Il préconise au contraire, pour la société d'aujourd'hui, une présomption de compétence, car chacun est en mesure de faire ses propres recherches sur Internet. L'autorité n'étant maintenant là que pour "augmenter" les compétences des son audience, des ses élèves, de ses patients, des ses lecteurs. etc.
L'autorité cognitive en question
Mais dès que l'on parle des mutations causées par Internet, les penseurs redisent finalement les mêmes choses, n'est-ce pas?
J'avais abordé cette importante question il y a déjà une demi-décennie: quand on accède sur le web à autant d'information diverse (et contradictoire) cela nous donne une meilleure vision du monde (certes!), mais elle passe de plus en plus à travers des connaissances de "seconde main" -- l'écrasante majorité de ce qu'on sait sur le monde ne vient plus d'une expérience directe avec celui-ci.
J'avais donc rapidement fait remonter l'idée que les autorités cognitives allaient devenir un acteur important dans la société. Plus de détail ici sur ce qu'est l'autorité cognitive.
En quelques mots, une autorité cognitive est cette personne vers qui nous nous tournons pour nous donner l'heure juste dans une sphère d'expertise que l'on croit être la sienne. Ce ne sont pas nécessairement les experts d'un domaine (on a pas toujours accès à un expert), mais il a notre confiance pour répondre à des questions ouvertes.
Serres me donne l'occasion de définir ainsi le rôle de cet autorité cognitive (et toute autorité, politique, scolaire, professionnelle): celui de fournir un cadre cognitif à une personne pour lui permettre de mieux remplir son propre rôle (ou son destin) ou régler une problématique quelconque.
Une autorité est adoptée (remarquez ici l'inversion: l'autorité ne s'impose pas) quand son apport permet à une personne d'espérer atteindre un objectif.
Le journaliste comme autorité.
En animant mercredi prochain un atelier Projet Columbus sur l'arrimage entre les medias de masse et ceux dits « sociaux », on se questionnera sur les promesses et les déceptions cette révolution. On y abordera, entre autres, ces signaux faibles qui sont pourtant riches de potentialités et méritent d’être entendus et mis à contribution.
Ces signaux faibles viennent entre autre des lecteurs et de la population en général.
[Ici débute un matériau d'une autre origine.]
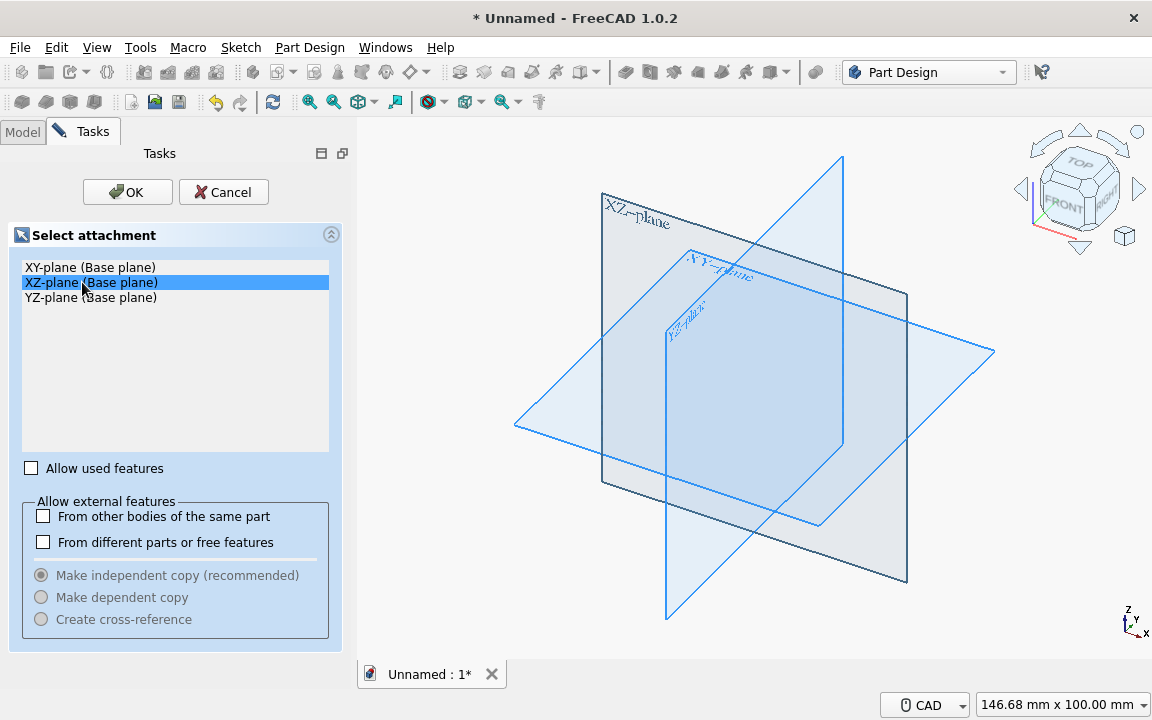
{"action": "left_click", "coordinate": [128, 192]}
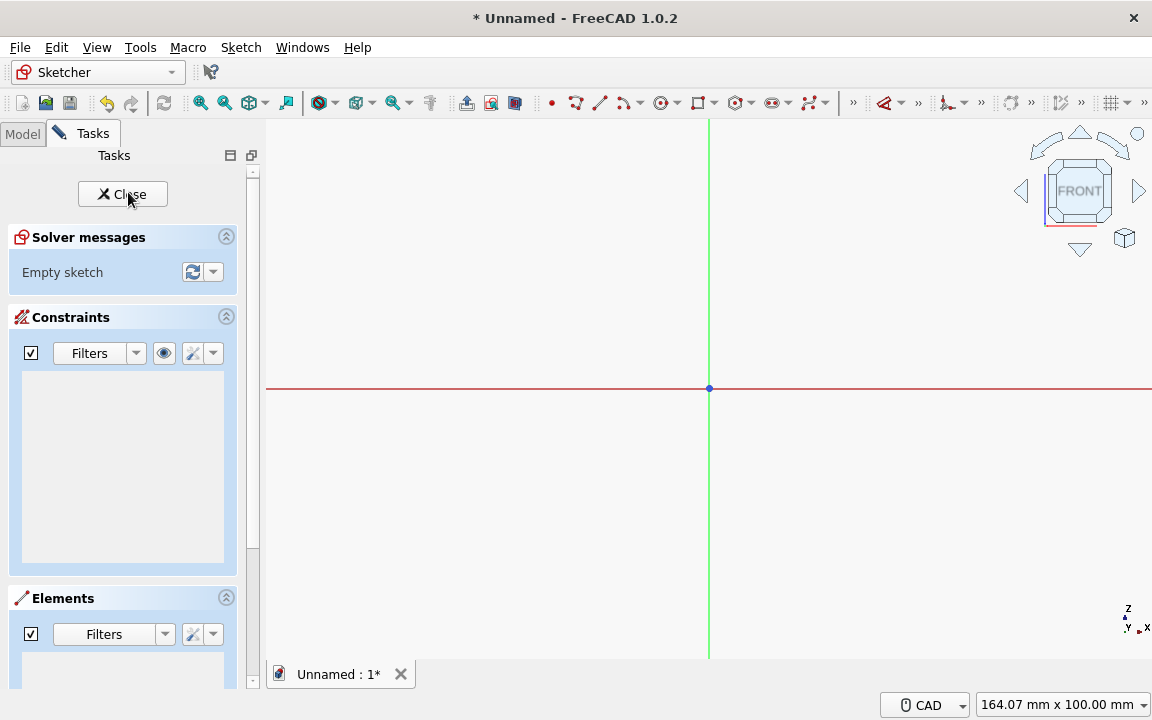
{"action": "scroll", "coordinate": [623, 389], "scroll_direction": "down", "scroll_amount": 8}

Jusqu'à un certain point, l'information remonte de la population jusqu'au journaliste.
Mais quand on voit des débats qui traduisent un éloignement culturel croissant entre les élites et la «populace», et choque Cyrille Frank (un titre dans Le Monde illustrant une attitude condescendante envers le lectorat), il n'est pas insensé de réfléchir à ce que dit Serres.
La responsabilité des élites, et des autorités en particulier, est celle de faire grandir l'autre.